When I was obsessing over my decision to return to work. I wrote a couple of letters to my daughter for her to read when she grew up. I felt my decisions would impact how she viewed me and how she felt about herself. My thoughts and feelings on this topic are my own only. I do not intend to hurt anyone who chose to go back to work.
I was a phone call away from returning myself: a “no” that once uttered could have been a “yes”.
To My Daughter Emma:
After much careful consideration…I decided to not return to work after my extended leave of absence after the birth of you and your brother.
I strongly believe that a woman’s education, career development and more importantly self-development are important and should NOT be thrown away based on her relationships alone. A decision as important as leaving the work force has to be a carefully considered one.
In our family’s case we believed we were gaining very little by my return to work. I was 100% confident in my relationship with your dad and the common goal of us working together (if I felt that I did not have a strong relationship I would never have given up my job BECAUSE it would reduce my financial power). The choice to stay home for a period of time was made to spend extra time with you at the sacrifice of other things: I will admit that you and your brother have not had swimming lessons and you are two-years old (insert audible gasp from the parent crowd). You did not receive a birthday gift for your first or second birthdays instead we went on a family outing (double gasp). Any new clothes that you have worn in two years has been a gift from family and friends (GASPPPPPP). There are pros and cons to working and having a double income. It is a trade-off.
As a woman I feel empowered to be able to make the choice to stay home. I wasn’t told that I had to. I wasn’t forced into the decision. I still have equal power in my marriage. I have a strong sense of our family’s finances and equal purchasing power. These are important points to consider. Money is power. I am not any less of a person because I don’t have an employee number. My dreams and aspirations are intact even though my wardrobe is in shambles.

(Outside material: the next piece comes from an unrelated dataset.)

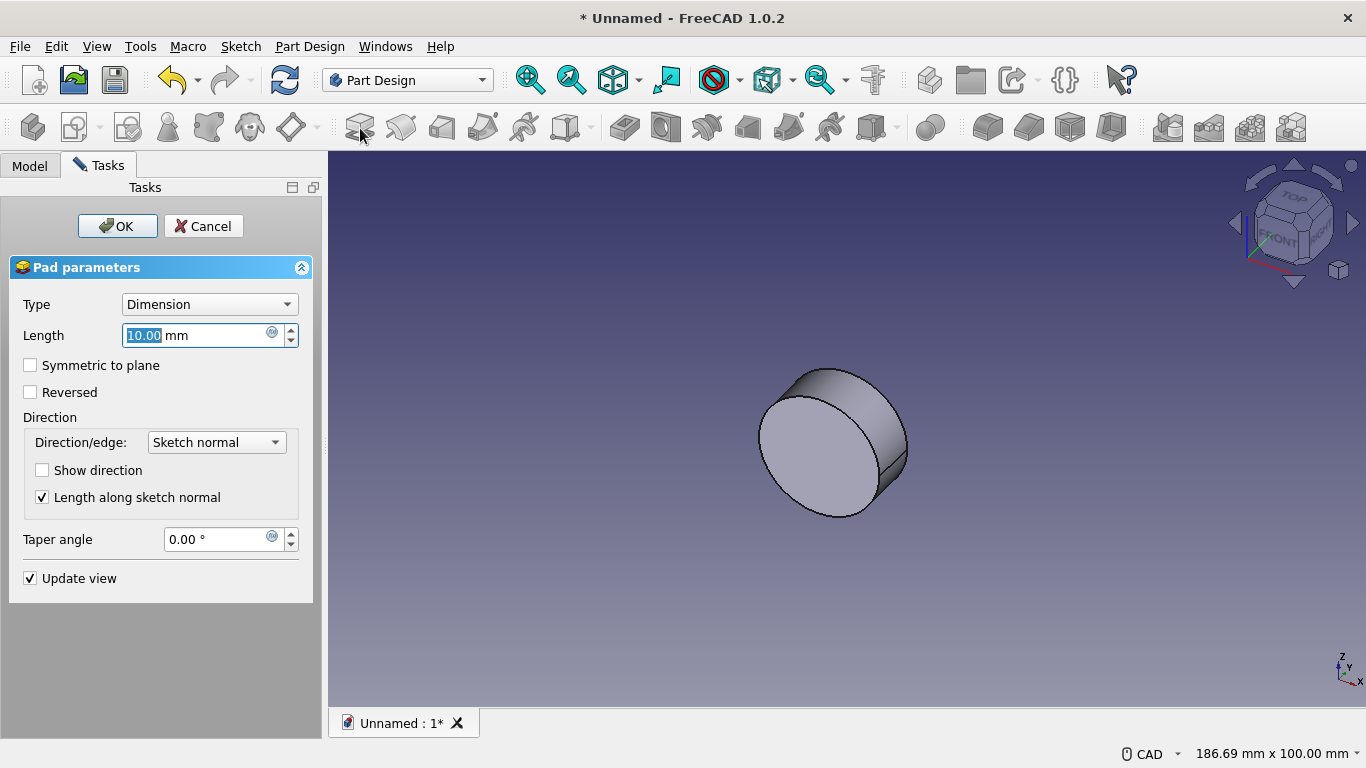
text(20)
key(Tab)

To my daughter – you have a choice to be who you want to be. You can have it all but sometimes the costs of having it all at once are way too high. This was the case for me. The cost of having a career, raising three children in these early years and the small monetary gain was too high. I shed tears for what I thought I wanted. I shed tears for letting go of material and career-related aspirations. But I can assure you that I feel stronger than ever once I focused on things that are more important to me. It still stings when I am referred to as “unemployed” or “just a stay at home mom”…at the end of the day that is my pride and nothing more.